▸ **What the exercise asks**
For the material below, please count the lines containing "without". Reply with the count alone.

╭─ Data

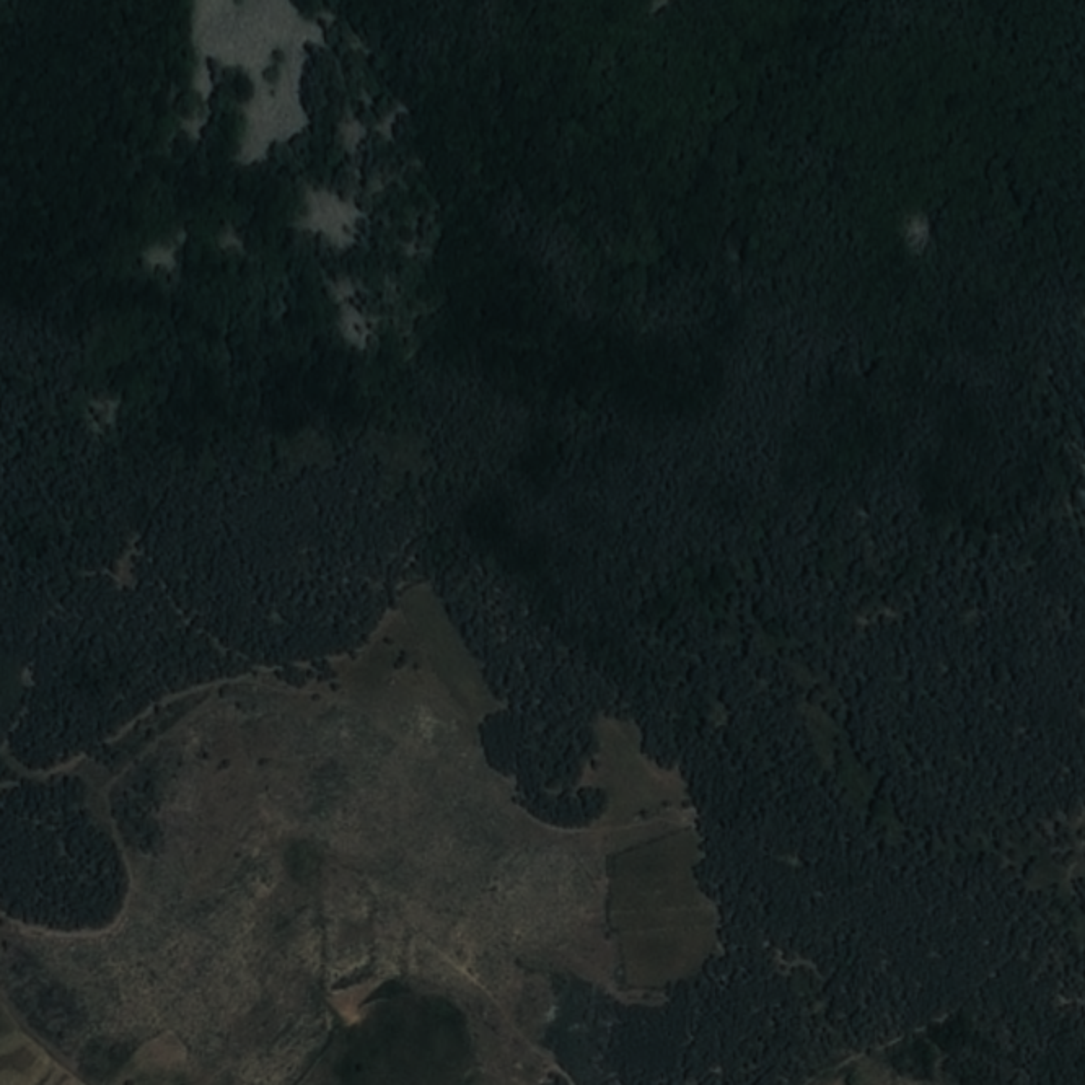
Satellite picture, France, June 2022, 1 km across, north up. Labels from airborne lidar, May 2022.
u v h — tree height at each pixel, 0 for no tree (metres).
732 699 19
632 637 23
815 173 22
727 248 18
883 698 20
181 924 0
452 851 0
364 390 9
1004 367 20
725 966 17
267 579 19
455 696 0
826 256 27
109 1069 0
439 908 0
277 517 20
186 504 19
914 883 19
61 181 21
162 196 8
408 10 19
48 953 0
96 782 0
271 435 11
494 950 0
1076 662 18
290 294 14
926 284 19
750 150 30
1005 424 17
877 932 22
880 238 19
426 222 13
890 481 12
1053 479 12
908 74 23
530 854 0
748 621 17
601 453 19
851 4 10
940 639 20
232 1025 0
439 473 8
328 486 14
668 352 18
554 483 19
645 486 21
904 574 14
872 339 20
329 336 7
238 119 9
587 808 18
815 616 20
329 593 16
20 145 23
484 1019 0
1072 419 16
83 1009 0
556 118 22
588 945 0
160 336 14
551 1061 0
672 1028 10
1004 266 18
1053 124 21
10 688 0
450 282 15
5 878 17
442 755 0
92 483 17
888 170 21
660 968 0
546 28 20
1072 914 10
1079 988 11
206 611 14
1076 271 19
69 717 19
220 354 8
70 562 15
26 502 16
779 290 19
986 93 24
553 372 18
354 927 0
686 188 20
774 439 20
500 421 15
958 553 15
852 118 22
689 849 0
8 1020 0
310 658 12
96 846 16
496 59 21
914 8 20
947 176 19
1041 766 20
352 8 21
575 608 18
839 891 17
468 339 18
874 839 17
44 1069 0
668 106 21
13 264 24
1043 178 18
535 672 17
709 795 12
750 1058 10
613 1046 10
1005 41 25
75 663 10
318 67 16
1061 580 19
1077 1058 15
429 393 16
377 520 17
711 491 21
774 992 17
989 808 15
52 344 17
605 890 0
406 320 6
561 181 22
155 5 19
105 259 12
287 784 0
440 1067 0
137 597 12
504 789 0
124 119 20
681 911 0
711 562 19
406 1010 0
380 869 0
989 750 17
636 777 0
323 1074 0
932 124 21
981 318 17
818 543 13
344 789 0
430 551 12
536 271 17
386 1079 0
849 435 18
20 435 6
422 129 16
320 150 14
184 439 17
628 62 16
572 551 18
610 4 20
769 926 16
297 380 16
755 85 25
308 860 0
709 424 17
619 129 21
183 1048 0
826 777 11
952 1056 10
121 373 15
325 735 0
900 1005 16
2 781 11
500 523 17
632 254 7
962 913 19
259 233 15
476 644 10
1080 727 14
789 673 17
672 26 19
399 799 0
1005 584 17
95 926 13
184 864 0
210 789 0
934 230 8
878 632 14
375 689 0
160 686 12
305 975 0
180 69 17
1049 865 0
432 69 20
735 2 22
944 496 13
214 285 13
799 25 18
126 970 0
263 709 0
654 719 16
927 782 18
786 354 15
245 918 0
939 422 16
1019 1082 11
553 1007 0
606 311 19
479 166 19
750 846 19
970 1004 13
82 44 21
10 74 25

╰─
╭─ Data

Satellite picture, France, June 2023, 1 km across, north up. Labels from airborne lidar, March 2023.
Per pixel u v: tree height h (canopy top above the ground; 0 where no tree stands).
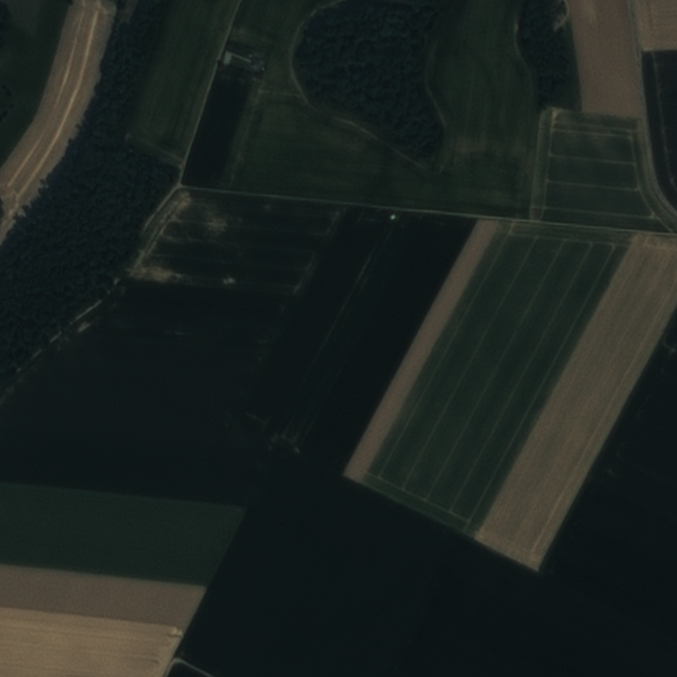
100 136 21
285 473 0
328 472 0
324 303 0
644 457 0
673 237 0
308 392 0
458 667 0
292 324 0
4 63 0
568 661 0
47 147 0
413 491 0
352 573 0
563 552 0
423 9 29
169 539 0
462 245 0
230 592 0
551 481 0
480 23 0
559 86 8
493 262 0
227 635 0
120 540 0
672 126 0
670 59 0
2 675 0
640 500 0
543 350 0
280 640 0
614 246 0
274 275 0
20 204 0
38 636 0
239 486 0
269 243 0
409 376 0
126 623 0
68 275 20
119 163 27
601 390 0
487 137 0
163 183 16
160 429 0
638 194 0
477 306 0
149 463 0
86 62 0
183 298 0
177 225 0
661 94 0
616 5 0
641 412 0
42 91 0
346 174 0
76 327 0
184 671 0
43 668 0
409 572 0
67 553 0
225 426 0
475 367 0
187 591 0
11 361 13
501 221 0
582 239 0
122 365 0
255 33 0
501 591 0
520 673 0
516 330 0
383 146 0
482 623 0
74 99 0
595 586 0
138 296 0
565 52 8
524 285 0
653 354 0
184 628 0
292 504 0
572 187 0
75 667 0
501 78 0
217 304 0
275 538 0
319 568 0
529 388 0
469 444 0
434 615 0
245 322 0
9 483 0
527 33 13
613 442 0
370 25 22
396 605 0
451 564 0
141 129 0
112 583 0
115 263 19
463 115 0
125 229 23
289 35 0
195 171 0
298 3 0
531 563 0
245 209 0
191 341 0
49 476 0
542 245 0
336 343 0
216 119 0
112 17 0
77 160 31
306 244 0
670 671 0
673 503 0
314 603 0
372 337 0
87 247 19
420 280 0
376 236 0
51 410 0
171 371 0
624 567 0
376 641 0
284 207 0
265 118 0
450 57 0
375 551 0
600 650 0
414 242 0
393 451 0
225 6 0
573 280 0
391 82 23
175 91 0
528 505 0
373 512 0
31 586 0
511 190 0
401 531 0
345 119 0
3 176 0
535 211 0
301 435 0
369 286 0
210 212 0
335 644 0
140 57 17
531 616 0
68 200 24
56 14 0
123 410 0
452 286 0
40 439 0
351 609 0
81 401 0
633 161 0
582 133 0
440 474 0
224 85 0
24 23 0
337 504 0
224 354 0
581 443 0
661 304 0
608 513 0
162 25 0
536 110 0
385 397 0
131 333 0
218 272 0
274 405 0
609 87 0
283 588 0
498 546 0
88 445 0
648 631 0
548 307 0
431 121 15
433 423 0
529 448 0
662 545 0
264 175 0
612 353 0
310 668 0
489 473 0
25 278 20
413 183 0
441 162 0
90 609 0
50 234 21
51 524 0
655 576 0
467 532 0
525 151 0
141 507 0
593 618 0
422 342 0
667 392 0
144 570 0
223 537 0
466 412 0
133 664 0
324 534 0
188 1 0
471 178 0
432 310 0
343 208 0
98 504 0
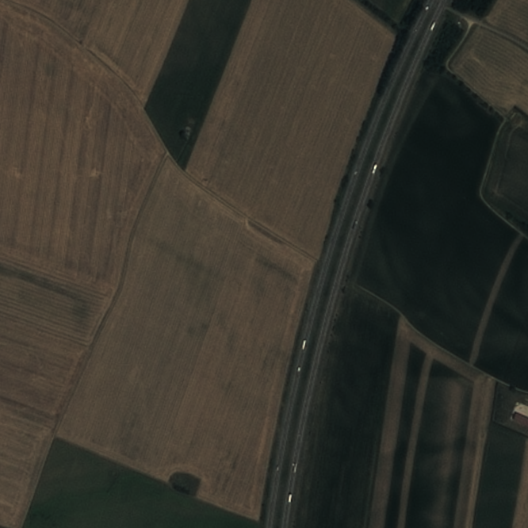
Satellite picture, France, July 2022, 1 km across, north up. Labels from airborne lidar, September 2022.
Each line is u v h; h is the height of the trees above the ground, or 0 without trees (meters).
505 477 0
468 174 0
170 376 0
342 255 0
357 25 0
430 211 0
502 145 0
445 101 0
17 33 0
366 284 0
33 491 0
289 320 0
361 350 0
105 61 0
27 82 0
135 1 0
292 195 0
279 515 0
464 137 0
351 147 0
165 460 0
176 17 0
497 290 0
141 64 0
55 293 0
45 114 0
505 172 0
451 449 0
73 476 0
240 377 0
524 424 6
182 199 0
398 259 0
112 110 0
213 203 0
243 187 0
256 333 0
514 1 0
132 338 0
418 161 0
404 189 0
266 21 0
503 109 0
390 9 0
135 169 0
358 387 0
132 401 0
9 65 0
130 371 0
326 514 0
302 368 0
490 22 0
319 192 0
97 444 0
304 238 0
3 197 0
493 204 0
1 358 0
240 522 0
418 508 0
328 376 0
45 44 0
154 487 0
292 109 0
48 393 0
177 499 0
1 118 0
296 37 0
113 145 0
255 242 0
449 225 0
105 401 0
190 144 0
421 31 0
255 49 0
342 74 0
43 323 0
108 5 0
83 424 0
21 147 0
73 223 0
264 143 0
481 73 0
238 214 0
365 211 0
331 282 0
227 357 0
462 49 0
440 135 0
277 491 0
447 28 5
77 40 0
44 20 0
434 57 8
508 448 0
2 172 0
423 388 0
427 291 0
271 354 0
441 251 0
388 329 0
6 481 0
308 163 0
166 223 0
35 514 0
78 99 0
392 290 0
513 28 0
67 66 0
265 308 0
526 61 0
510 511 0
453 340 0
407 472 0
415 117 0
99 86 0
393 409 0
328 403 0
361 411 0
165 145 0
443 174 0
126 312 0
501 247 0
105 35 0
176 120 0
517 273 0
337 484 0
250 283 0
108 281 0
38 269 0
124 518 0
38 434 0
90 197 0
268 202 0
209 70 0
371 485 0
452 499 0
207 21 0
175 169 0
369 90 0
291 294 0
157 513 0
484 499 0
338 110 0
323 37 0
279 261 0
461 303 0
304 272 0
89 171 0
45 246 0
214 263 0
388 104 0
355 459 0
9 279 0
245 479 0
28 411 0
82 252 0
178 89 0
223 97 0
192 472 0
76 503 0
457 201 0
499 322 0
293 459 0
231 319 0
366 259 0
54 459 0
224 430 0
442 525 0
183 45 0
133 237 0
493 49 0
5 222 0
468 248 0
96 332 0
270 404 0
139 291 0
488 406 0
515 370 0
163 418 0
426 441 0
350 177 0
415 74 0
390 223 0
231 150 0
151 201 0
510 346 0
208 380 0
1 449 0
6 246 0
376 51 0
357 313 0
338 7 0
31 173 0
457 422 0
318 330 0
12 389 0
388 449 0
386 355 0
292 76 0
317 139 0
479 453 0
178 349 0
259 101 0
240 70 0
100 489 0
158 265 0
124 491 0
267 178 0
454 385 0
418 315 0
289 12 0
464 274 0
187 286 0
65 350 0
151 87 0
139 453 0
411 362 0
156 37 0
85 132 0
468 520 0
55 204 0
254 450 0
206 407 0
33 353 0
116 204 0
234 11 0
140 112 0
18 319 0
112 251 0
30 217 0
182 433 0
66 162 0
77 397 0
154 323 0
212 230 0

╰─
╭─ Data

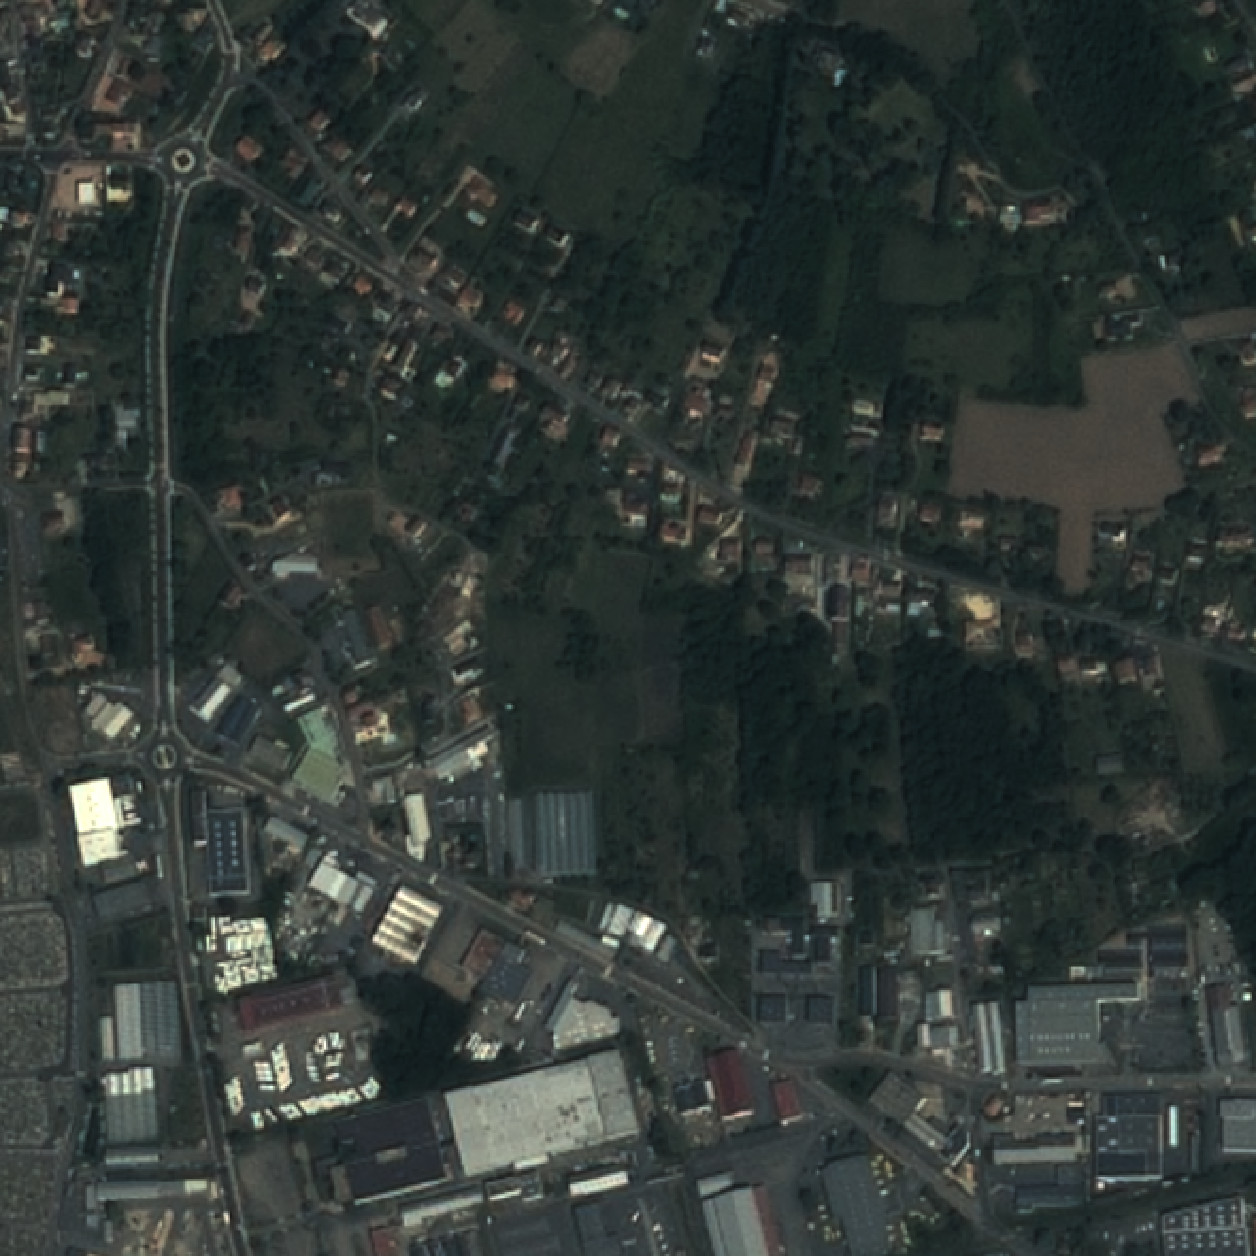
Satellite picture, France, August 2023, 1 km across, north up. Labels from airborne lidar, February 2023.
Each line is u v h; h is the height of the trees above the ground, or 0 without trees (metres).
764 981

╰─

▸ **Exercise answer**
2